PROBLEM TO WORK ON
When you reach the line that holds "The width and", start copying exactly and keep going through the final line of the data, leaving out pictures.

DATA FOR REVIEW
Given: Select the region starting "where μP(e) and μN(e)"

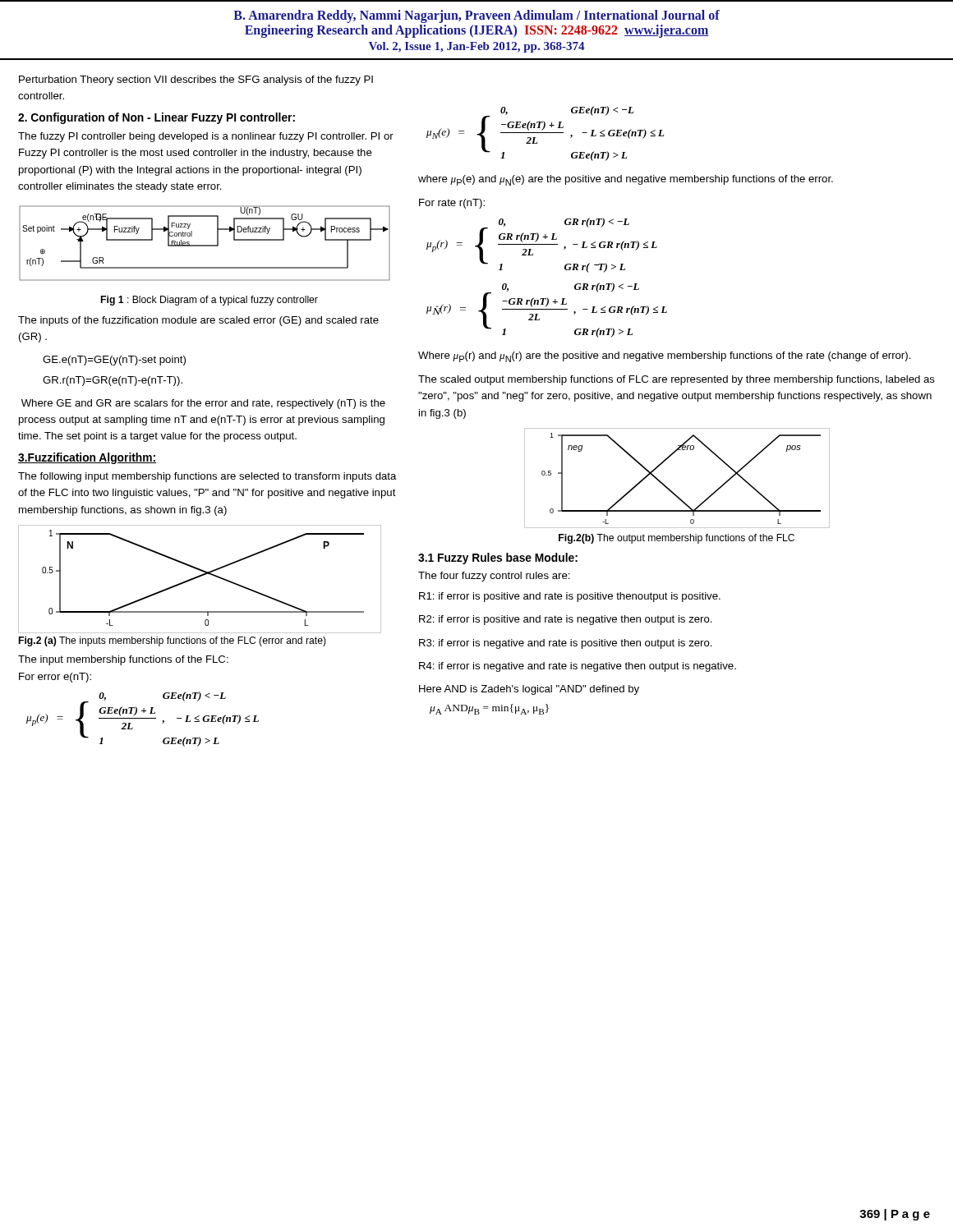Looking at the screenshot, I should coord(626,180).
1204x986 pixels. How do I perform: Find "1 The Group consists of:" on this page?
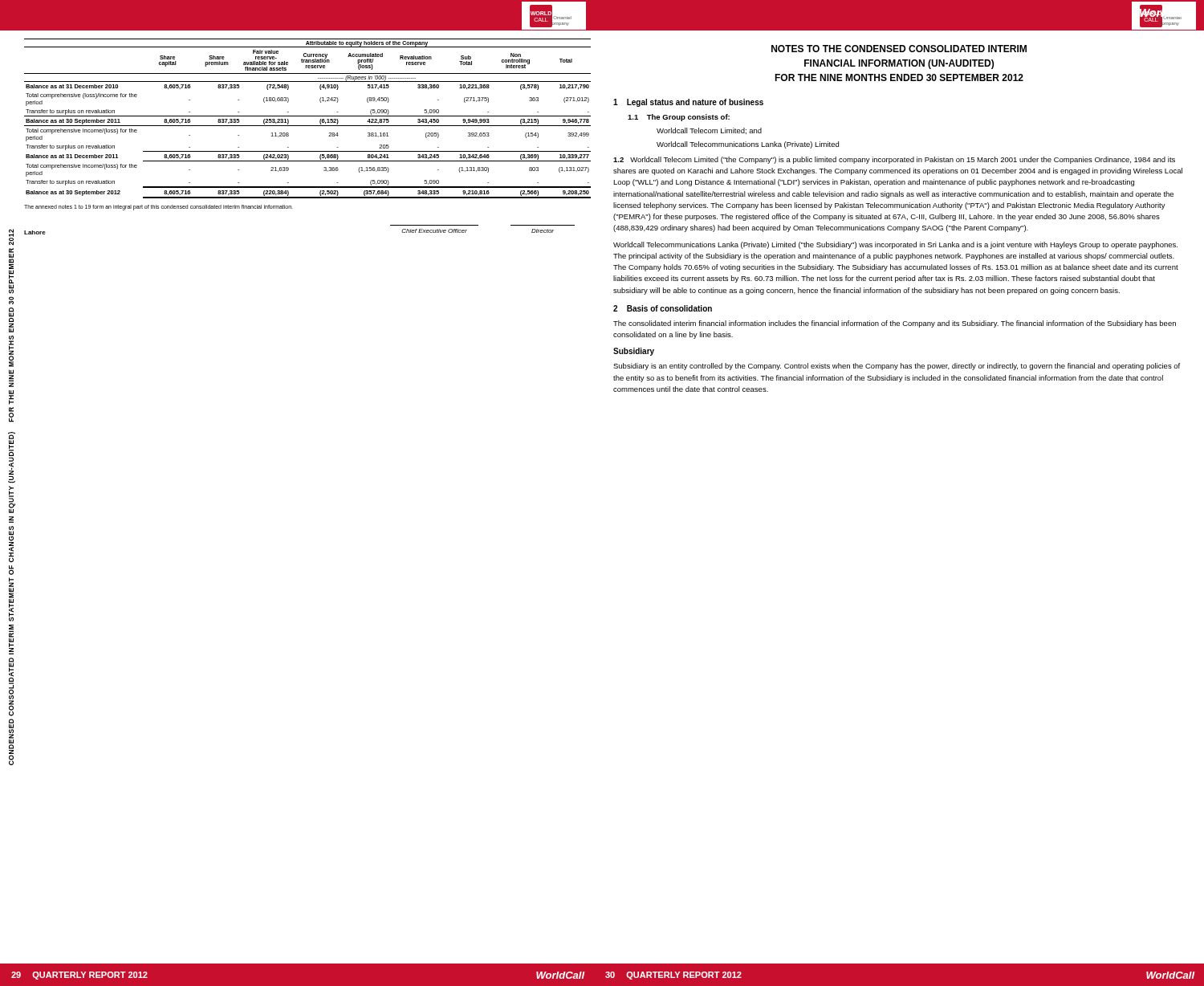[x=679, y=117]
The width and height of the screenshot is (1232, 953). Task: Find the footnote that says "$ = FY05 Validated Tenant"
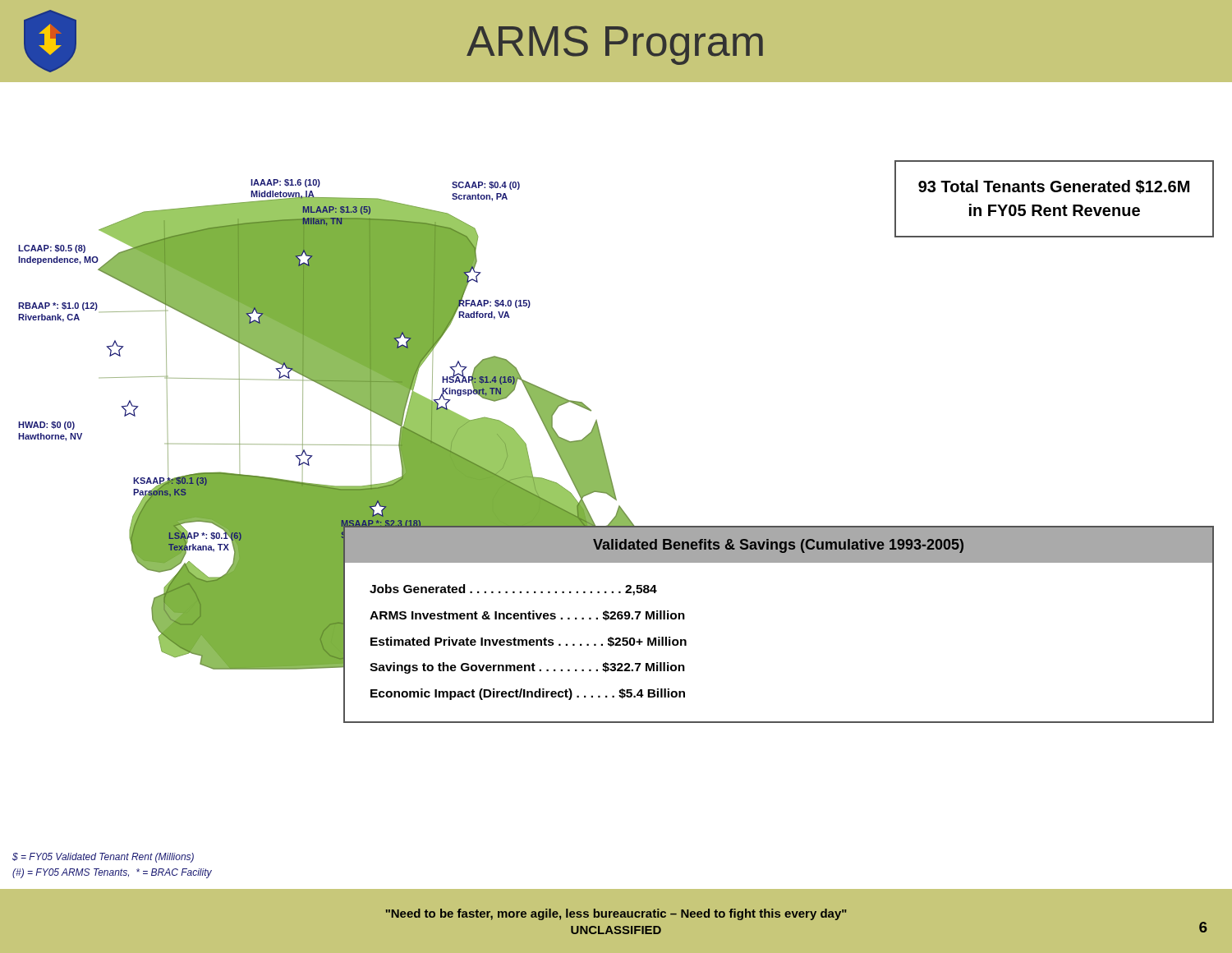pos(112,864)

TASK ANSWER
The width and height of the screenshot is (1232, 953). Task: Find the footnote that says "$ = FY05 Validated Tenant"
pos(112,864)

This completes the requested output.